Self Responses Along Cingulate Cortex Reveal Quantitative Neural Phenotype For High Functioning Autism

Background: Typical social interaction requires the ability to recognize one's role in an interpersonal exchange. In particular, attributing behavioral outcomes correctly to oneself or to other agents is essential for productive social interaction.

Objectives: The capacity to attribute social outcomes to the appropriate agents may be missing or perturbed in individuals with autism. We approach this issue in high-functioning males with autism spectrum disorder (ASD) using functional magnetic resonance imaging (fMRI).

Methods: First, using a visual imagery task, we extract a basis set for responses along the cingulate cortex of control subjects that reveals an agent-specific eigenvector (self eigenmode) associated with imagining oneself executing a specific motor act.
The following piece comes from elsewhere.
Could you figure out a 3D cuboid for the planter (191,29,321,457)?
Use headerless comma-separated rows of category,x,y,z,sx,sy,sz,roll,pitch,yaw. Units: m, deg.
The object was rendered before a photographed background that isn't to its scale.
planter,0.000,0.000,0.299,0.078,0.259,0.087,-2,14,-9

Second, we show that the same self eigenmode arises in controls during one’s own decision (the self phase) in an interpersonal exchange game (iterated trust game). Third, we assessed hemodynamic activations as high-functioning adolescents with autism engaged in the iterated trust game with a social partner.
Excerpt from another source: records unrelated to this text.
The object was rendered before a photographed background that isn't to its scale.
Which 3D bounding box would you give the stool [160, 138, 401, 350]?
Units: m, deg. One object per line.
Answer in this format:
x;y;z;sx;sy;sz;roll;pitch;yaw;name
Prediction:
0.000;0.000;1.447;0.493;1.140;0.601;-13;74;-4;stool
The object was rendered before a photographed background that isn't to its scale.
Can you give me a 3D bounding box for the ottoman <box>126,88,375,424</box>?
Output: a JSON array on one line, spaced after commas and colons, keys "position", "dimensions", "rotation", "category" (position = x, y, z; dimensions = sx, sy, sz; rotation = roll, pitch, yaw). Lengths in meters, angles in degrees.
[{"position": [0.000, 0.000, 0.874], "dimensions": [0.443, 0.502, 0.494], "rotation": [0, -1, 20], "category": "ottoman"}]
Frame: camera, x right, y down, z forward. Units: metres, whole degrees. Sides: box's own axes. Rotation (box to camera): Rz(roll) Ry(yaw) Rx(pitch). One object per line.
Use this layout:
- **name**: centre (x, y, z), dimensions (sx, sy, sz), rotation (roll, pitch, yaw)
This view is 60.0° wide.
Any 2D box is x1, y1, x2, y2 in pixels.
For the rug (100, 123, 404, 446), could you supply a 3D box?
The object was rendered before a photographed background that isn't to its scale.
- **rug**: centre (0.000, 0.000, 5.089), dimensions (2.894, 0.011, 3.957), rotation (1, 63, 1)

Results: Using the iterated trust game, we show that ASD males exhibit a severely diminished self eigenmode when playing the game with a human partner. This diminished response covaries parametrically with their behaviorally assessed symptom severity suggesting its value as an objective endophenotype.

Conclusions: The perturbed neural response in autism, evoked within an active interpersonal exchange, provides a quantitative neural phenotype that may identify new subtypes of autism and further be used to seek covariates in genetic databases.